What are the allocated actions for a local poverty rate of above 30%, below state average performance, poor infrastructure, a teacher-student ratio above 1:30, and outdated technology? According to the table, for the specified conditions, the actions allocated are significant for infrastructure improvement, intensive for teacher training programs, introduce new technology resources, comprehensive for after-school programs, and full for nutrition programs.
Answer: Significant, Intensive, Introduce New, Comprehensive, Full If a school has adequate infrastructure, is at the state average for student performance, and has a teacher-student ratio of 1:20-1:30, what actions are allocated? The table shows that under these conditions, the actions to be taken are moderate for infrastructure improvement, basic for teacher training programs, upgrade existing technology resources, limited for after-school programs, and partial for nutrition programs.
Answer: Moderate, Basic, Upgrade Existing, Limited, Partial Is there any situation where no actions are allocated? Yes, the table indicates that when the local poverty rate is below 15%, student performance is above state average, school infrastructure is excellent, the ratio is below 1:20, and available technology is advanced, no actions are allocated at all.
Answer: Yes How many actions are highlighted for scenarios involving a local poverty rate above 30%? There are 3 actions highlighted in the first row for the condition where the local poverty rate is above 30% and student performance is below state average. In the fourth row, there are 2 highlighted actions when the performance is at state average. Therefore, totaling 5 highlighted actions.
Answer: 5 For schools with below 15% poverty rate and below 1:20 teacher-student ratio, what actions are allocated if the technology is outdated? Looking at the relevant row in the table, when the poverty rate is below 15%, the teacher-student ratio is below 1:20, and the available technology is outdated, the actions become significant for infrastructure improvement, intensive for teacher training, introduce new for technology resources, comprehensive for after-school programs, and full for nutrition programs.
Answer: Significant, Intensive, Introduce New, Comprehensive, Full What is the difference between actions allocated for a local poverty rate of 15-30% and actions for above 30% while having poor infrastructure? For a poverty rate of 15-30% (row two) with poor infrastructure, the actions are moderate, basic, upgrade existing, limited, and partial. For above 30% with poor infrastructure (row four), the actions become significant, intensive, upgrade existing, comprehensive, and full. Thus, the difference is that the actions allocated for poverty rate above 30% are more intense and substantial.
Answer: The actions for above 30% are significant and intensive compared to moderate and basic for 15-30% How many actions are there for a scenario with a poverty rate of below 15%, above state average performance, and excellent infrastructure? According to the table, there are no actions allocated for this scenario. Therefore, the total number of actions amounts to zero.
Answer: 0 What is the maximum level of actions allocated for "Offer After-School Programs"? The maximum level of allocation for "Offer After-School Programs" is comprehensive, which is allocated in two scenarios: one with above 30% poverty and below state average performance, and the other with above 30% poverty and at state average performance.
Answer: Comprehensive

> **Problem to work on**: Your answer must be the full set of entries, copied exactly.

> **Expected answer**:
What are the allocated actions for a local poverty rate of above 30%, below state average performance, poor infrastructure, a teacher-student ratio above 1:30, and outdated technology? According to the table, for the specified conditions, the actions allocated are significant for infrastructure improvement, intensive for teacher training programs, introduce new technology resources, comprehensive for after-school programs, and full for nutrition programs.
Answer: Significant, Intensive, Introduce New, Comprehensive, Full If a school has adequate infrastructure, is at the state average for student performance, and has a teacher-student ratio of 1:20-1:30, what actions are allocated? The table shows that under these conditions, the actions to be taken are moderate for infrastructure improvement, basic for teacher training programs, upgrade existing technology resources, limited for after-school programs, and partial for nutrition programs.
Answer: Moderate, Basic, Upgrade Existing, Limited, Partial Is there any situation where no actions are allocated? Yes, the table indicates that when the local poverty rate is below 15%, student performance is above state average, school infrastructure is excellent, the ratio is below 1:20, and available technology is advanced, no actions are allocated at all.
Answer: Yes How many actions are highlighted for scenarios involving a local poverty rate above 30%? There are 3 actions highlighted in the first row for the condition where the local poverty rate is above 30% and student performance is below state average. In the fourth row, there are 2 highlighted actions when the performance is at state average. Therefore, totaling 5 highlighted actions.
Answer: 5 For schools with below 15% poverty rate and below 1:20 teacher-student ratio, what actions are allocated if the technology is outdated? Looking at the relevant row in the table, when the poverty rate is below 15%, the teacher-student ratio is below 1:20, and the available technology is outdated, the actions become significant for infrastructure improvement, intensive for teacher training, introduce new for technology resources, comprehensive for after-school programs, and full for nutrition programs.
Answer: Significant, Intensive, Introduce New, Comprehensive, Full What is the difference between actions allocated for a local poverty rate of 15-30% and actions for above 30% while having poor infrastructure? For a poverty rate of 15-30% (row two) with poor infrastructure, the actions are moderate, basic, upgrade existing, limited, and partial. For above 30% with poor infrastructure (row four), the actions become significant, intensive, upgrade existing, comprehensive, and full. Thus, the difference is that the actions allocated for poverty rate above 30% are more intense and substantial.
Answer: The actions for above 30% are significant and intensive compared to moderate and basic for 15-30% How many actions are there for a scenario with a poverty rate of below 15%, above state average performance, and excellent infrastructure? According to the table, there are no actions allocated for this scenario. Therefore, the total number of actions amounts to zero.
Answer: 0 What is the maximum level of actions allocated for "Offer After-School Programs"? The maximum level of allocation for "Offer After-School Programs" is comprehensive, which is allocated in two scenarios: one with above 30% poverty and below state average performance, and the other with above 30% poverty and at state average performance.
Answer: Comprehensive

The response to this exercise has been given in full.